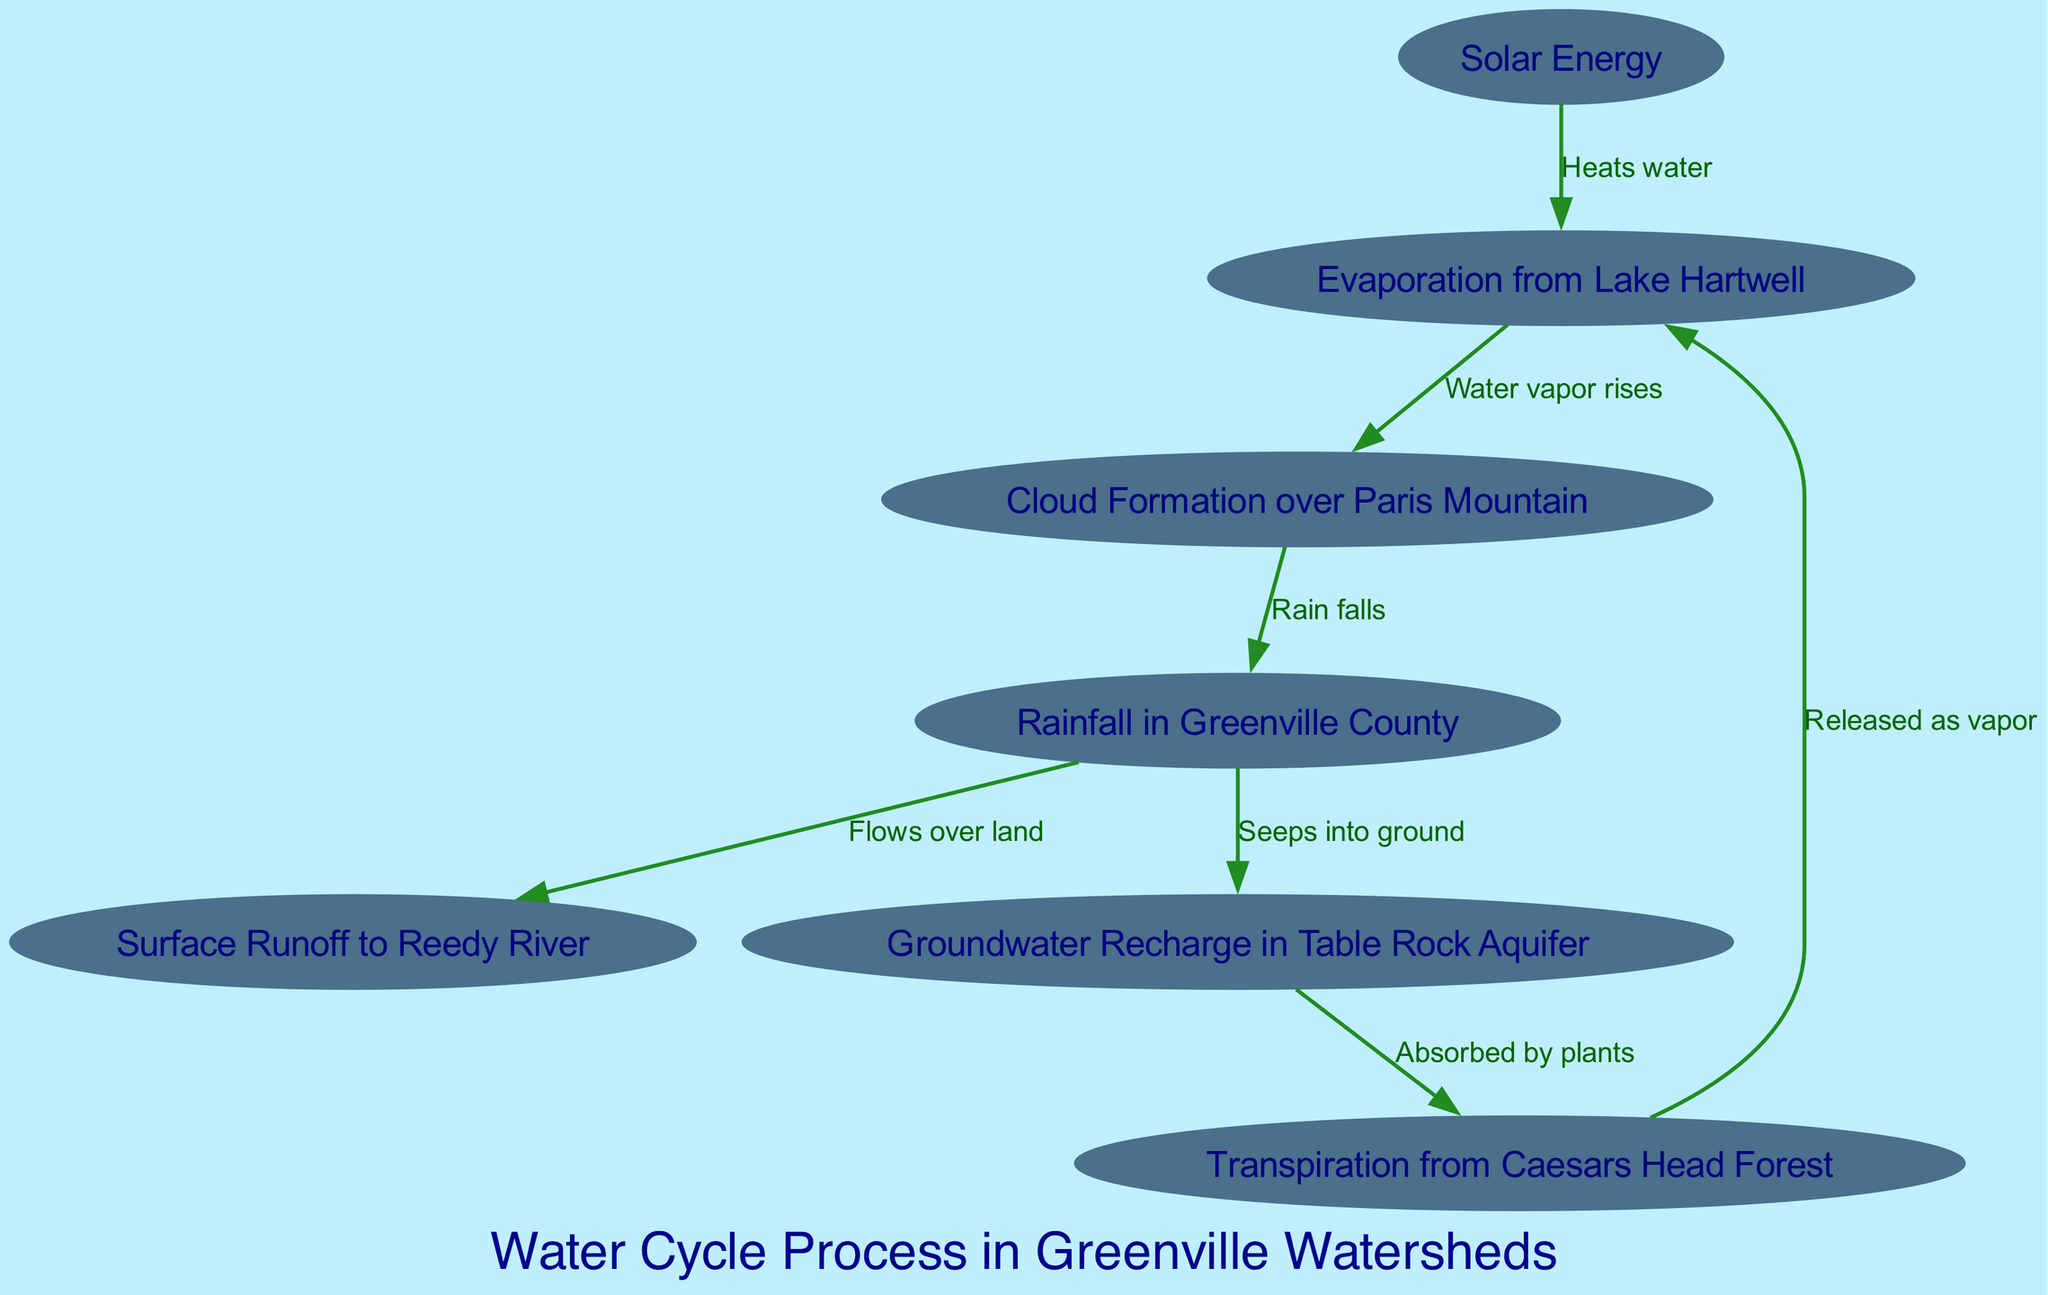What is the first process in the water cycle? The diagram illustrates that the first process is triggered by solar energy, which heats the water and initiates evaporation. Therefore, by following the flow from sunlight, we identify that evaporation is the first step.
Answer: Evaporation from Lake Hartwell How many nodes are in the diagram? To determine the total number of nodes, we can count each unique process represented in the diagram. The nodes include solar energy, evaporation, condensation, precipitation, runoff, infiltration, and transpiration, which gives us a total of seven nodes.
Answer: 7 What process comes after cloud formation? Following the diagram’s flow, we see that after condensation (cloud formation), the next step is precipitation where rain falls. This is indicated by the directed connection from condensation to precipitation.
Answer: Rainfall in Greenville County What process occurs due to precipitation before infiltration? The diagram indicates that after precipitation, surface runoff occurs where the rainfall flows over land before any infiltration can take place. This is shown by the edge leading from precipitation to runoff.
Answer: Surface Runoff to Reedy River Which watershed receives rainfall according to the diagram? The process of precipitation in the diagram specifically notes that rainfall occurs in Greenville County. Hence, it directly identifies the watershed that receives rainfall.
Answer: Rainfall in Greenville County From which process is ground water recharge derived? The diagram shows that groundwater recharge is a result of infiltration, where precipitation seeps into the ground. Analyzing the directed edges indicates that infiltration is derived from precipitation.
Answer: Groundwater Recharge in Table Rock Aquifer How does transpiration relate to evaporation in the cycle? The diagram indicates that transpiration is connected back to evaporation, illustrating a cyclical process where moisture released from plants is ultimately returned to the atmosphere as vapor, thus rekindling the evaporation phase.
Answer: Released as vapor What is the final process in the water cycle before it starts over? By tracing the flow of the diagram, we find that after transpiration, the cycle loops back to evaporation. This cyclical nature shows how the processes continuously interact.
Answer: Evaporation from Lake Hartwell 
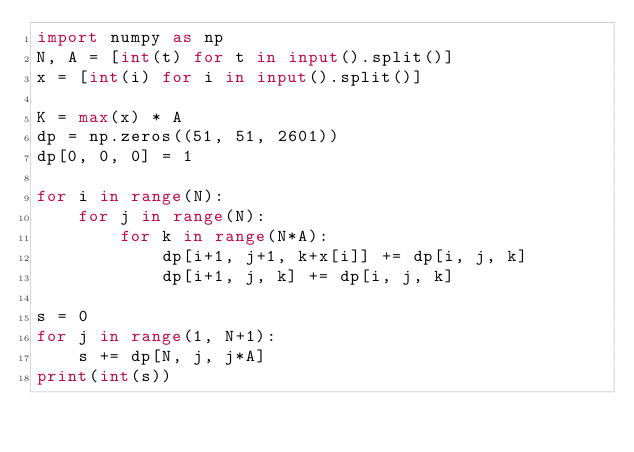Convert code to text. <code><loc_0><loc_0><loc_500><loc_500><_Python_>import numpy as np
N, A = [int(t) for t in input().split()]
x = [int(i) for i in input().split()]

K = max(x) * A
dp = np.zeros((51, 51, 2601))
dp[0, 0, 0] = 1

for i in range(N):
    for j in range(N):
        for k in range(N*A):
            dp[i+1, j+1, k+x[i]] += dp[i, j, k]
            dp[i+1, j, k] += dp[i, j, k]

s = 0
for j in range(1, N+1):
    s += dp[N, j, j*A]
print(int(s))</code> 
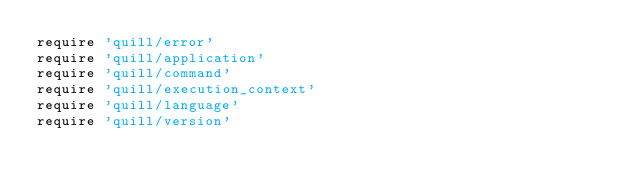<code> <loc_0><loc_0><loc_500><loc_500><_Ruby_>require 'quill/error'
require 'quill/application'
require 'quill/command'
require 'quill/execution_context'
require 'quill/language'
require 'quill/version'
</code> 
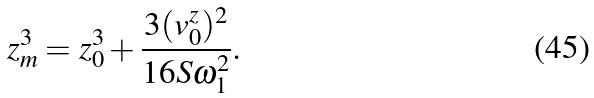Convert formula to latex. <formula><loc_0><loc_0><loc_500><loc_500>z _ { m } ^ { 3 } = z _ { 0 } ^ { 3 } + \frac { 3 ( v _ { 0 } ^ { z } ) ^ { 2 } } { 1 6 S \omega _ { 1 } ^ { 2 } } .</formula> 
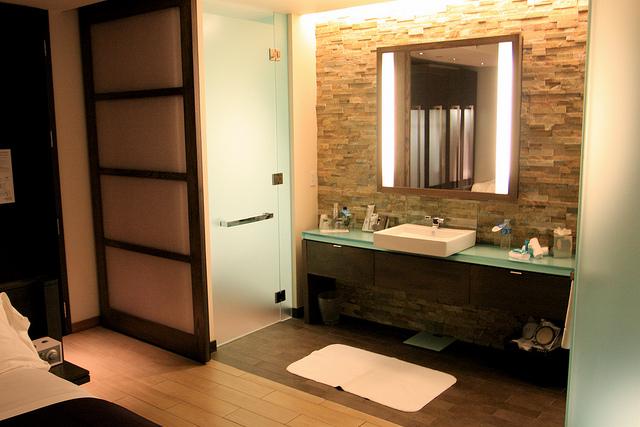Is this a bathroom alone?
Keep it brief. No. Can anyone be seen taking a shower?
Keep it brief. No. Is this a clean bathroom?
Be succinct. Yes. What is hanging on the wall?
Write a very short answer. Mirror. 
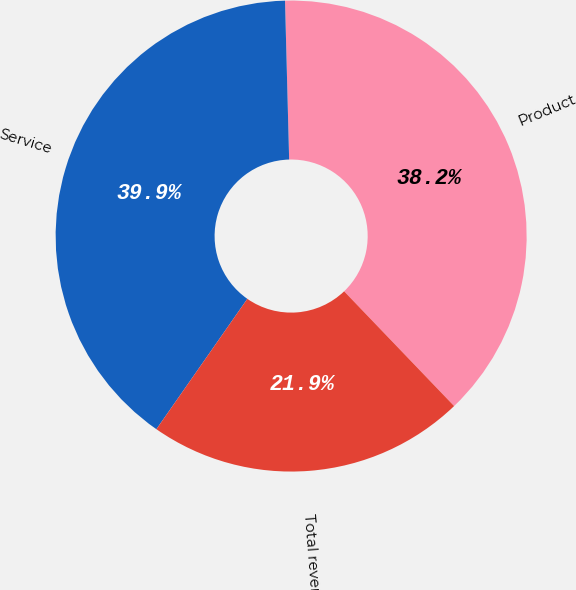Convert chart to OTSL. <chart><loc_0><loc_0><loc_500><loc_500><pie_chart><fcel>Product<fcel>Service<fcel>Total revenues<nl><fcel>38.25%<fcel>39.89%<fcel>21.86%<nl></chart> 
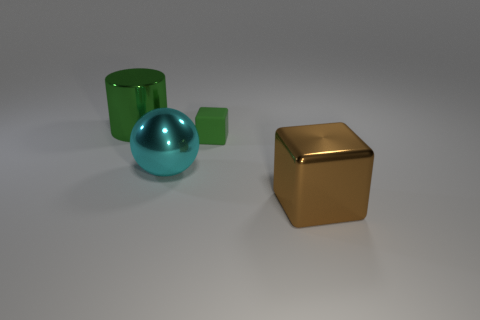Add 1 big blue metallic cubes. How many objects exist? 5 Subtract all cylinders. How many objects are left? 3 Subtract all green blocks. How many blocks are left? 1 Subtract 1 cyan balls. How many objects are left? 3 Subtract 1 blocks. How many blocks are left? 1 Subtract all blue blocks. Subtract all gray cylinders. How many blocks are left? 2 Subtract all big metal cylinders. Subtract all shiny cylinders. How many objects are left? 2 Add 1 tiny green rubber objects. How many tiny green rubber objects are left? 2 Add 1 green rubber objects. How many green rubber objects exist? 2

**What is being asked:** The whole listing above is to be repeated exactly, apart from its pictures.

**Result of this exercise:**
What is the first process in the water cycle? The diagram illustrates that the first process is triggered by solar energy, which heats the water and initiates evaporation. Therefore, by following the flow from sunlight, we identify that evaporation is the first step.
Answer: Evaporation from Lake Hartwell How many nodes are in the diagram? To determine the total number of nodes, we can count each unique process represented in the diagram. The nodes include solar energy, evaporation, condensation, precipitation, runoff, infiltration, and transpiration, which gives us a total of seven nodes.
Answer: 7 What process comes after cloud formation? Following the diagram’s flow, we see that after condensation (cloud formation), the next step is precipitation where rain falls. This is indicated by the directed connection from condensation to precipitation.
Answer: Rainfall in Greenville County What process occurs due to precipitation before infiltration? The diagram indicates that after precipitation, surface runoff occurs where the rainfall flows over land before any infiltration can take place. This is shown by the edge leading from precipitation to runoff.
Answer: Surface Runoff to Reedy River Which watershed receives rainfall according to the diagram? The process of precipitation in the diagram specifically notes that rainfall occurs in Greenville County. Hence, it directly identifies the watershed that receives rainfall.
Answer: Rainfall in Greenville County From which process is ground water recharge derived? The diagram shows that groundwater recharge is a result of infiltration, where precipitation seeps into the ground. Analyzing the directed edges indicates that infiltration is derived from precipitation.
Answer: Groundwater Recharge in Table Rock Aquifer How does transpiration relate to evaporation in the cycle? The diagram indicates that transpiration is connected back to evaporation, illustrating a cyclical process where moisture released from plants is ultimately returned to the atmosphere as vapor, thus rekindling the evaporation phase.
Answer: Released as vapor What is the final process in the water cycle before it starts over? By tracing the flow of the diagram, we find that after transpiration, the cycle loops back to evaporation. This cyclical nature shows how the processes continuously interact.
Answer: Evaporation from Lake Hartwell 
Convert code to text. <code><loc_0><loc_0><loc_500><loc_500><_Python_>import numpy as np
N, A = [int(t) for t in input().split()]
x = [int(i) for i in input().split()]

K = max(x) * A
dp = np.zeros((51, 51, 2601))
dp[0, 0, 0] = 1

for i in range(N):
    for j in range(N):
        for k in range(N*A):
            dp[i+1, j+1, k+x[i]] += dp[i, j, k]
            dp[i+1, j, k] += dp[i, j, k]

s = 0
for j in range(1, N+1):
    s += dp[N, j, j*A]
print(int(s))</code> 
<code> <loc_0><loc_0><loc_500><loc_500><_Ruby_>require 'quill/error'
require 'quill/application'
require 'quill/command'
require 'quill/execution_context'
require 'quill/language'
require 'quill/version'
</code> 
Convert formula to latex. <formula><loc_0><loc_0><loc_500><loc_500>z _ { m } ^ { 3 } = z _ { 0 } ^ { 3 } + \frac { 3 ( v _ { 0 } ^ { z } ) ^ { 2 } } { 1 6 S \omega _ { 1 } ^ { 2 } } .</formula> 
Is this a bathroom alone?
Keep it brief. No. Can anyone be seen taking a shower?
Keep it brief. No. Is this a clean bathroom?
Be succinct. Yes. What is hanging on the wall?
Write a very short answer. Mirror. 
Convert chart to OTSL. <chart><loc_0><loc_0><loc_500><loc_500><pie_chart><fcel>Product<fcel>Service<fcel>Total revenues<nl><fcel>38.25%<fcel>39.89%<fcel>21.86%<nl></chart> 
Add 1 big blue metallic cubes. How many objects exist? 5 Subtract all cylinders. How many objects are left? 3 Subtract all green blocks. How many blocks are left? 1 Subtract 1 cyan balls. How many objects are left? 3 Subtract 1 blocks. How many blocks are left? 1 Subtract all blue blocks. Subtract all gray cylinders. How many blocks are left? 2 Subtract all big metal cylinders. Subtract all shiny cylinders. How many objects are left? 2 Add 1 tiny green rubber objects. How many tiny green rubber objects are left? 2 Add 1 green rubber objects. How many green rubber objects exist? 2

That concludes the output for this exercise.